The SRC has given all State agencies and ministries up to November 30 to present a list of the allowances they are currently paying their staff, setting the stage for a review that will harmonise the perks.

Scrapping some allowances and merging of others will cut an estimated Sh100 billion annually from the public service wage bill.

In June, the SRC froze a Sh82 billion salary increment for all civil servants for two years, highlighting Kenya’s rapidly deteriorating cash-flow situation that is marked by near-stagnant revenues and worsening debt service obligations.

Kenya delayed the pay review to June 2025, agreed to curb fresh hiring, and work on removing ghost workers, including staff who have died, retired, or deserted duty.

The freeze in non-essential hiring and pay sets the stage for tough times ahead as costs of basic items such as fuel, rent, and food continue to spiral.

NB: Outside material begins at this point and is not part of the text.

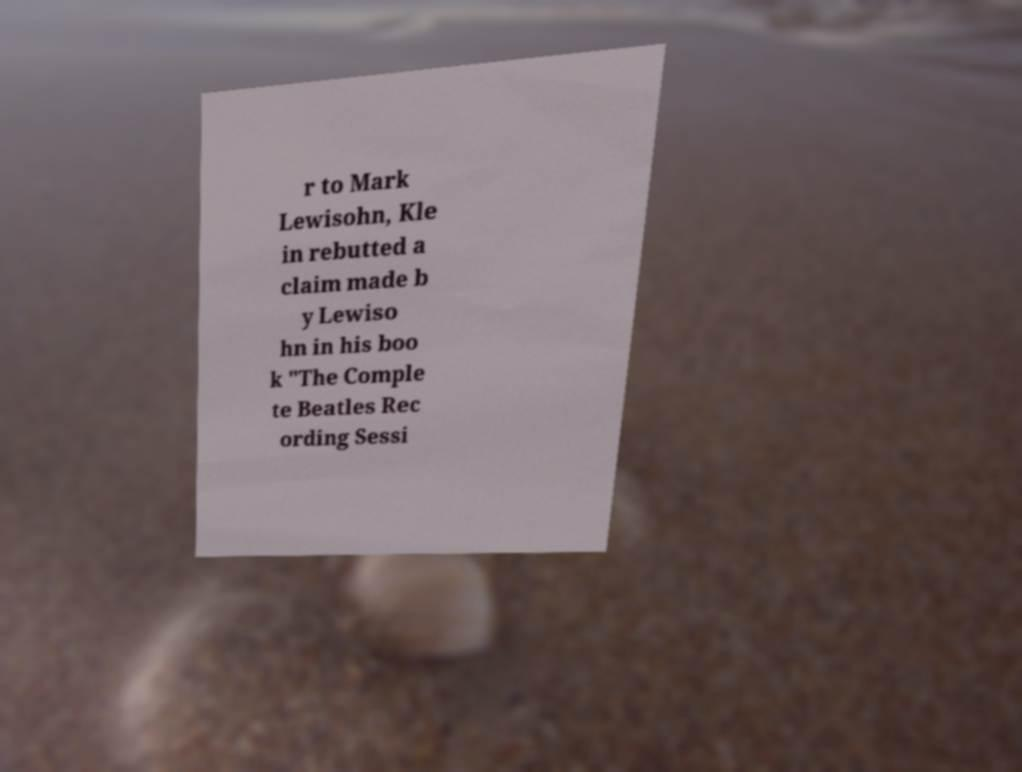There's text embedded in this image that I need extracted. Can you transcribe it verbatim? r to Mark Lewisohn, Kle in rebutted a claim made b y Lewiso hn in his boo k "The Comple te Beatles Rec ording Sessi

The SRC says that the freeze on pay increments and harmonisation of allowances have the effect of reducing the burden of the public wage bill on Kenya’s revenues from 51.7 percent to 48 percent.

More emphasis was put on allowances starting 2015 as the government saw it as an alternative to controlling its pension bill by not raising salaries.

State think-tank Kenya Institute for Public Policy Research and Analysis (Kippra) said that allowances paid to civil servants have made the government the preferred employer and called for a radical review.